«Con solo dos películas, tiene ganada la gloria. Exiliado del cine y ya con una carrera literaria, aún no ha llegado en ella a esos hitos pero lleva un ritmo envidiable»
Santiago Lorenzo
«Los huerfanitos»
BLACKIE BOOK
Texto: CÉSAR PRIETO.
Santiago Lorenzo, con solo dos películas, tiene ganada la gloria. Tanto «Mamá es boba» como «Un buen día lo tiene cualquiera» parecen sacadas de la pluma de Rafael Azcona y dirigidas por Berlanga o por Marco Ferreri, por La Cuadrilla, si nos atenemos a momentos más actuales. Afortunadamente la sociedad española tiene aún margen para tratarla de forma ácida y tierna a la vez. Exiliado del cine y ya con una carrera literaria, aún no ha llegado en ella a esos hitos pero lleva un ritmo envidiable. Si en su estreno –»Los millones»– presentaba a un miembro del GRAPO que no podía cobrar la primitiva por carecer de DNI, en la reciente «Los huerfanitos» asistimos a la muerte de un empresario teatral con tanto éxito como derroche pecuniario que deja a sus hijos un teatro ruinoso –el Pigalle– y unas deudas insondables. Hijos que, frutos del desprecio de su padre, odian el teatro y todo lo que huela a escena.

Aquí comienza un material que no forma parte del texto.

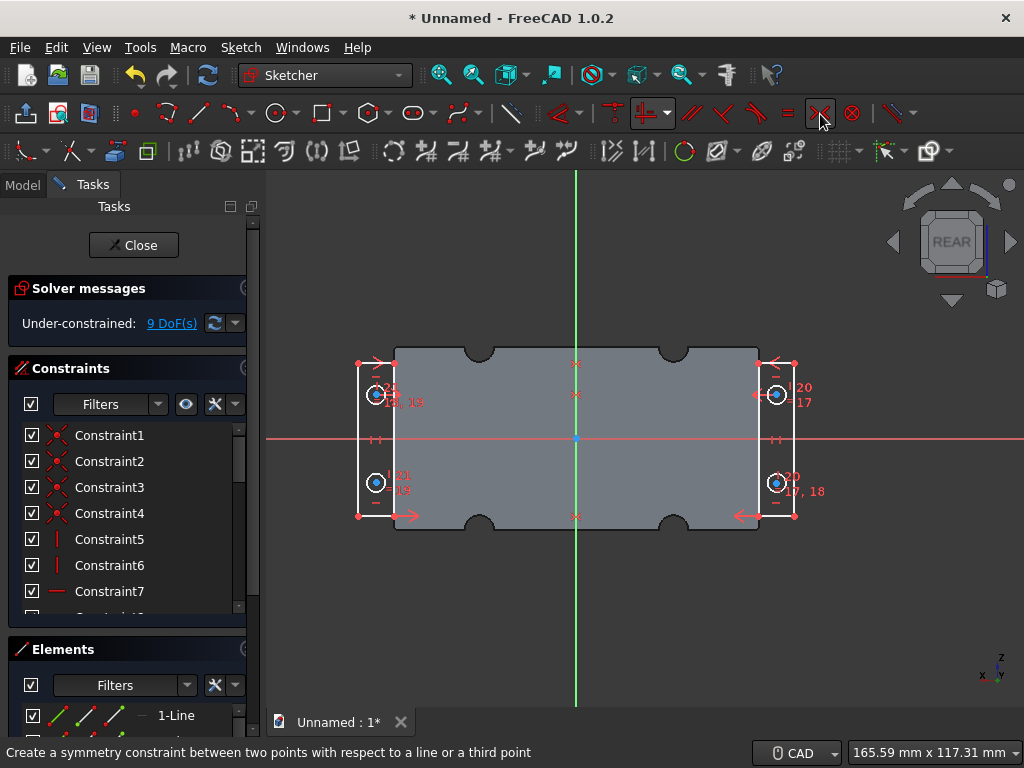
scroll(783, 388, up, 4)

Hay una solución, sin embargo; montar en seis meses una obra con la que obtener una subvención. Como ven ustedes, los mimbres son los justos para acoger un sainete, y así es, y por ello la novela –quizás ganaría algo aligerada de carga retórica– resulta hilarante. Pero en ocasiones llega al lugar donde el sainete –y su paso posterior, Jardiel– se hace arte y se llama esperpento –como estética, no como calificación–. Son breves estampas, pero gloriosas, la descripción de los objetos que se encuentran al llegar al teatro, por ejemplo, los expresionistas juegos de los ancianos técnicos o el descubrimiento de un supermercado baratísimo desde el que pueden alimentar al medio centenar de personas que están instaladas en el Pigalle.
En realidad es una novela de personajes, que tampoco están trabajados psicológicamente, ni falta que les hace. Meros fantoches, se entrecruzan los tres protagonistas y los secundarios para lograr un histerismo y una demencia que el autor sabe canalizar muy bien. Por supuesto, los hermanos no disponen de liquidez y han de contratar a los técnicos de escenario y mantenimiento del antiguo teatro –una panda de descarados septuagenarios que reciben el nombre de Brigada Guajardo– y a unos actores aficionados de un centro de desintoxicación alcohólica para los que el teatro no es más que una terapia. Si pensamos que los objetos son claves como en toda novela de humor –unas rejillas para focos parecen el Santo Grial– y que entre esos objetos encontramos en el escenario cincuenta toneles de vino, imagínense la que se puede avecinar.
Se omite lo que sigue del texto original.